PROBLEM:
Every picture stays out; everything else in the listing below is to be returned exactly.

===============

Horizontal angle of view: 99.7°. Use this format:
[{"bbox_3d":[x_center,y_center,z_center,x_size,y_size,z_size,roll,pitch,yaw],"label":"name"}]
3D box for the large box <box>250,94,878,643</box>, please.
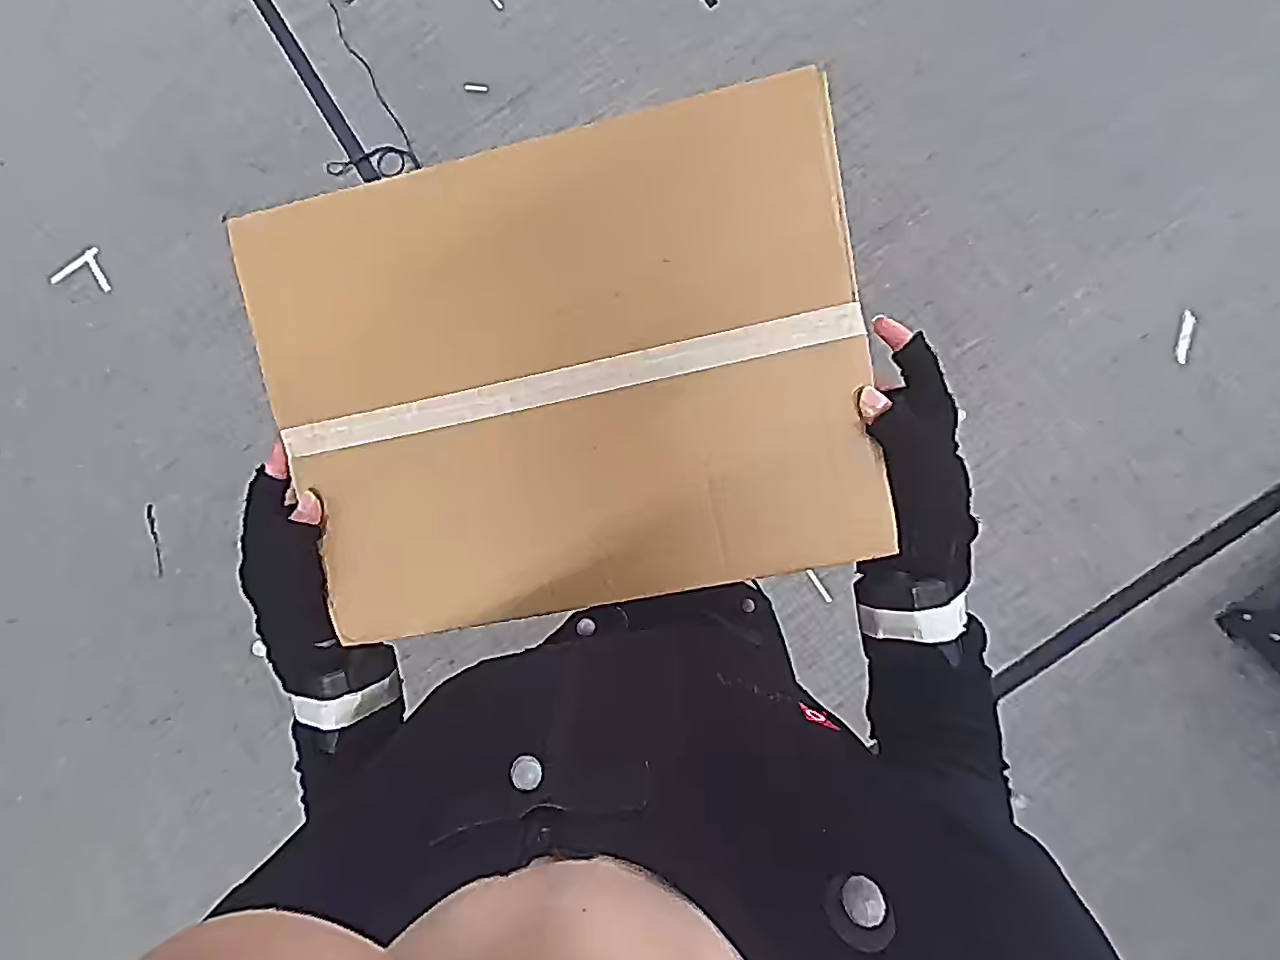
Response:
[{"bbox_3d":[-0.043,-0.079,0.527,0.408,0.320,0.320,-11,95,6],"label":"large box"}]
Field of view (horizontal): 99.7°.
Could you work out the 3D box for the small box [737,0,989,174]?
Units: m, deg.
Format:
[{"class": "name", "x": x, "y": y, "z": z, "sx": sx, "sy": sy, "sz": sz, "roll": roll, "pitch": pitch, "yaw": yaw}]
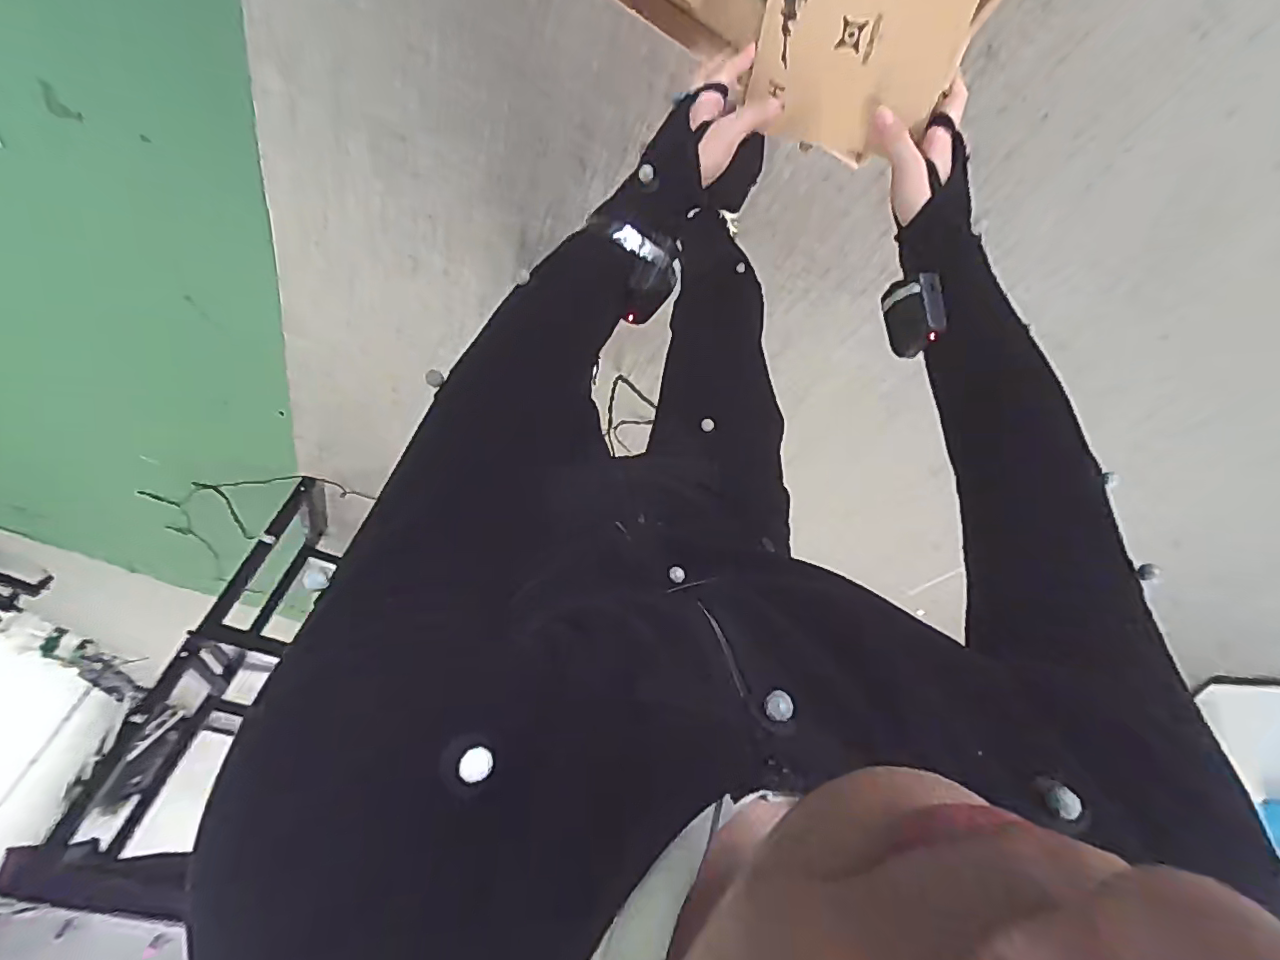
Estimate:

===============

EXERCISE RESULT:
Horizontal angle of view: 99.7°. Use this format:
[{"bbox_3d":[x_center,y_center,z_center,x_size,y_size,z_size,roll,pitch,yaw],"label":"name"}]
3D box for the large box <box>250,94,878,643</box>, please.
Response:
[{"bbox_3d":[-0.043,-0.079,0.527,0.408,0.320,0.320,-11,95,6],"label":"large box"}]
Field of view (horizontal): 99.7°.
Could you work out the 3D box for the small box [737,0,989,174]?
Units: m, deg.
Format:
[{"class": "name", "x": x, "y": y, "z": z, "sx": sx, "sy": sy, "sz": sz, "roll": roll, "pitch": pitch, "yaw": yaw}]
Estimate:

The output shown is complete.